0

I'm trying to implement some kind of object detection with depth measurement using a mono-camera which is mounted near by the center of rotation of a door. The basic idea is to detect objects in front of the door (when swinging up) and create a collision warning if the door cannot open completely.

There are some problems I have to deal with:

  • Little movement: The camera rotates from 0°-90° and there is only limited translation (due to camera position)
  • The camera lense is a fisheye (AOV ~100° vertical and 180° horizontal)

What I tried:

  • Structure from motion:

    Even with a full sequence (rotation from 0°-90°) I only get a really bad scene reconstruction. Due to the little camera movement I believe it is really hard to get good results with this approach (especially because I cannot to use a full video sequence when it comes to collision warning).

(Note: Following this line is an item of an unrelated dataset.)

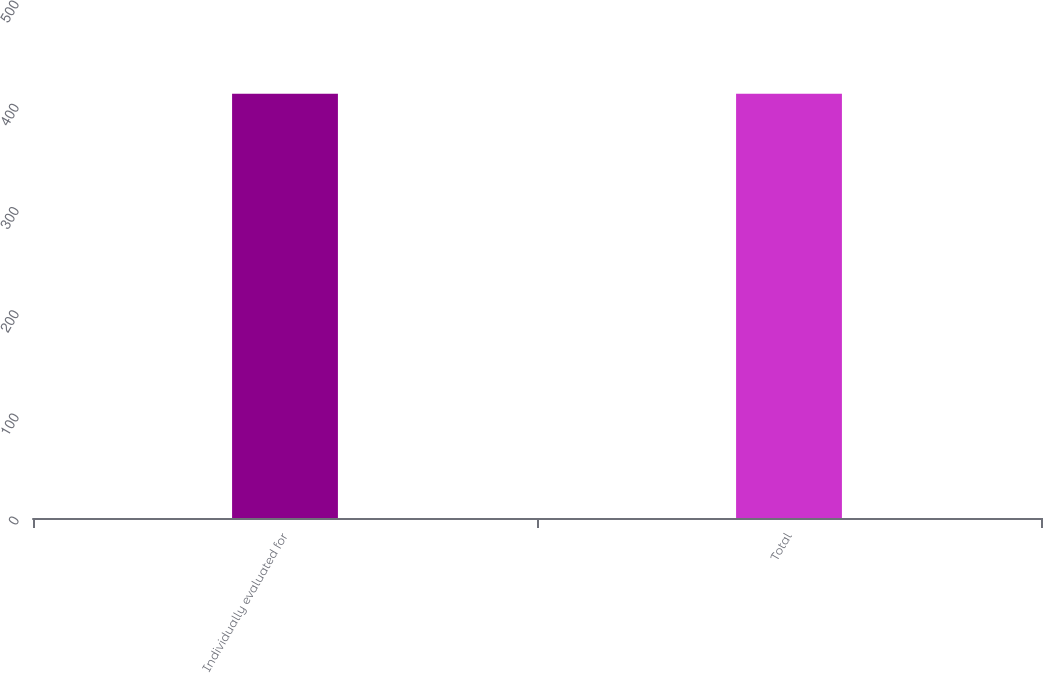Convert chart. <chart><loc_0><loc_0><loc_500><loc_500><bar_chart><fcel>Individually evaluated for<fcel>Total<nl><fcel>411<fcel>411.1<nl></chart>

  • Faking stereo reconstruction:

    I used two consecutive images, rectified them and tried to generate a disparity map. Almost every time the epipole lies inside the images which leads to high amount of distortion when rectifying. But even when the epipole lies outside the images (rectification is possible) the disparity map is unusable (fragments, no distinctive structures).

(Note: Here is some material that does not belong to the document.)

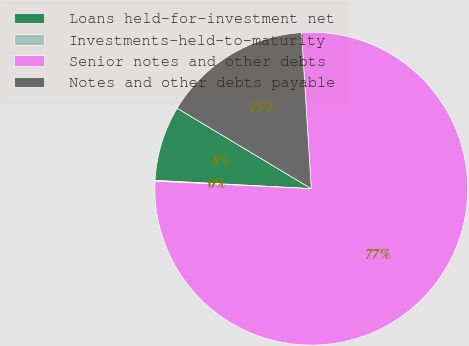Convert chart to OTSL. <chart><loc_0><loc_0><loc_500><loc_500><pie_chart><fcel>Loans held-for-investment net<fcel>Investments-held-to-maturity<fcel>Senior notes and other debts<fcel>Notes and other debts payable<nl><fcel>7.75%<fcel>0.08%<fcel>76.76%<fcel>15.41%<nl></chart>

I would appreciate if someone has some ideas what I can try here. Maybe Optical Flow is suitable here?

I'm also interested in some sort of (mathematical) proof when a solution is not really possible. Is there a minimum amount of movement needed to get good reconstruction results with algorithms like SfM? Is translation better than rotation for SfM?

Matthias Preu
  • 783
  • 2
  • 8
  • 18
  • Hum, if anything is close enough to a door to be hit when the door opens, it is close enough to be detected using a sonar-based proximity sensor (or, if it moves, any kind of range-limited motion sensor). Why do you want to use a camera in such an odd configuration? Is it because it's already there for some other reason? – Francesco Callari Oct 14 '15 at 18:13

1 Answers1

1

I believe you're already on to why this is very hard. Rotation only reconstruction is not possible without additional scene dependent hints / clues.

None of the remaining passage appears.